BENEFITS OF EARMARKING

The benefit of earmarking is that it facilitates decision-making on how much revenues and expenditures for a particular activity are needed, simultaneously. Put differently, it is easier to push a difficult measure such as a tax increase if the uses of the incremental revenue are known before hand. In this case, the beneficiaries are the tobacco growers and farmers, the health sector (PhilHealth and DoH), public and private health providers, and health care beneficiaries in general.

Understandably, earmarking was used to build a strong coalition in favor of higher taxes. [Of course, another strategy was to limit the tax burden on liquors which was supported by a dominant political party in the House of Representatives.] Tobacco growers and farmers were assured that RA 7171, a law which provides subsidy to tobacco producing provinces, will continue.

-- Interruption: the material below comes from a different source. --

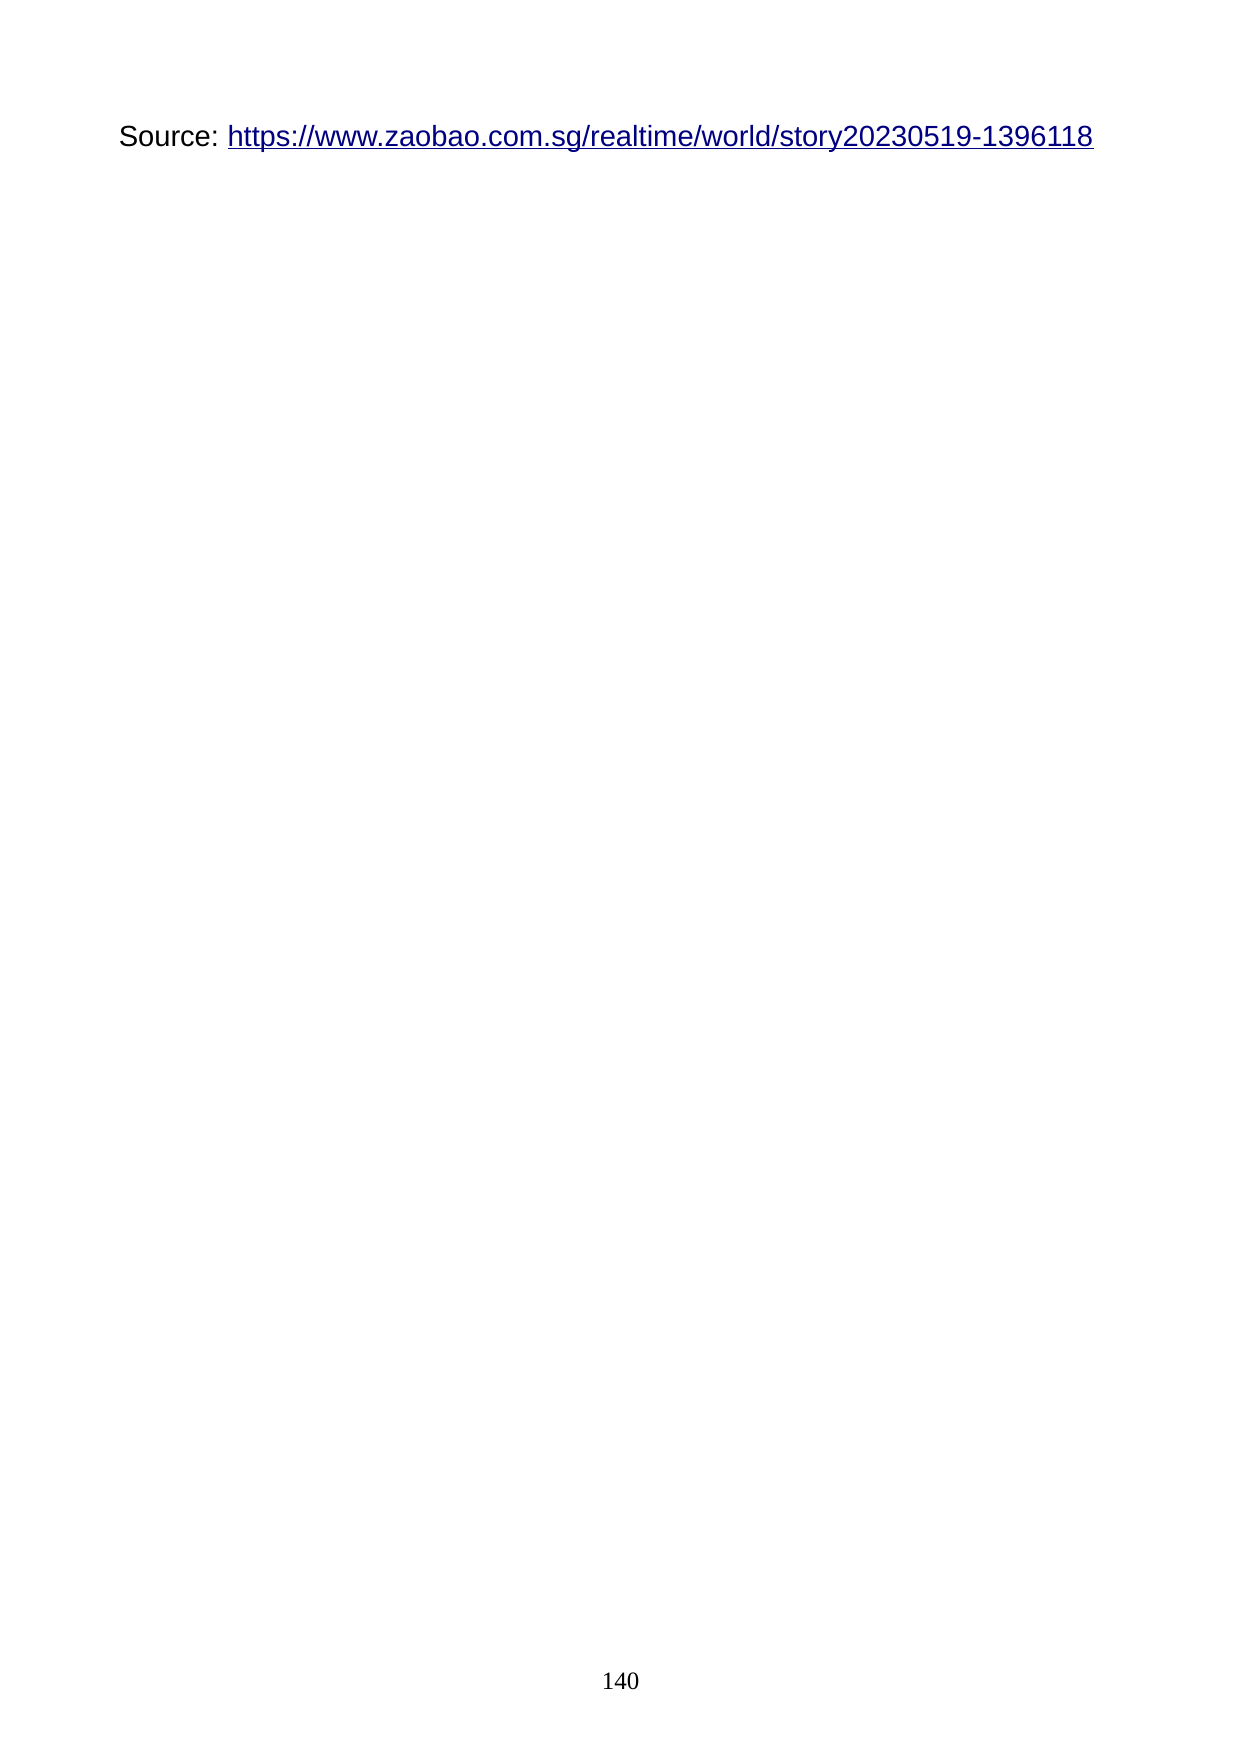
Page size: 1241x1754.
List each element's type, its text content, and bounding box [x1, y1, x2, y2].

PhilHealth and DoH were guaranteed large budgets in the years to come. Local government units were assured of additional specific grants from the central governments. The grants will be in addition to the internal revenue allotment (now in the neighborhood of 300 billion annually) which is guaranteed in the Local Government Code of 1991.

And there’s even 100 million annually for media firms that will be involved in the information and education campaign.

IN THEORY AND PRACTICE

The perceived benefits of earmarking are not automatic, however. Earmarking works in a political environment where policy makers play by the rules, when the national budget is implemented strictly in accordance with congressional authorization.

There is a big difference between theory and practice. What Congress has authorized is not necessarily released by the Department of Budget and Management (DBM), and what is released is not necessarily spent. Occasionally, DBM impounds what has already released by issuing a negative specific allotment release order.

Last year, President Benigno Aquino III did not implement the national budget as approved by Congress. Stung by criticisms that the Aquino administration was slow in implementing government programs and projects, he authorized DBM to slice and dice the budget to come up with a package of new spending initiatives worth 72.1 billion called the Disbursement Acceleration Program (DAP). The DAP was augmented by another 13.4 billion before the year ended. That’s 85.5 billion new spending authority that did not get prior congressional approval.

Of course, the Executive invoked the “power to augment” provision in the Constitution.

But that’s hypocritical. In the past, then Senator Benigno Aquino III and the Liberal Party’s top leaders — Mar Roxas, Teofisto Guingona III, and Joseph Emilio Abaya — proposed limits to the presidential to augment to correct the abuses of the previous regime. They proposed the Budget Impoundment Control bill. Now that they are on the other side of the fence, none has been heard from them. Not even a peep.

Here’s the point: under existing rules, the President, through the Budget secretary, may impound the appropriations unilaterally on whatever pretext DBM might think of (slow-moving, non-compliance with some requirements, failure to prepare the implementing rules and regulations, and so on). Aquino unilateral impounded appropriations in 2010 and 2011. He could do it again in the days ahead.

Under our imperfectly working government financial system, earmarking is non-binding. It gives false hopes that funds will flow into some specific programs; the flow is not guaranteed. There is no assurance that appropriations made by Congress will be released, and if released, will be spent. In reality, some amounts are impounded, some parked with PhilHealth.

Earmarking becomes more credible if there is new legislation (for example, the Budget Impoundment Control Act) that will oblige the President to release appropriations authorized by Congress and will limit his power to impound appropriations.

At the same time, we need a more assertive Congress — one that is willing and able to exercise its oversight function over the budget, and an opposition that is willing and able to exercise its fiscalizing role.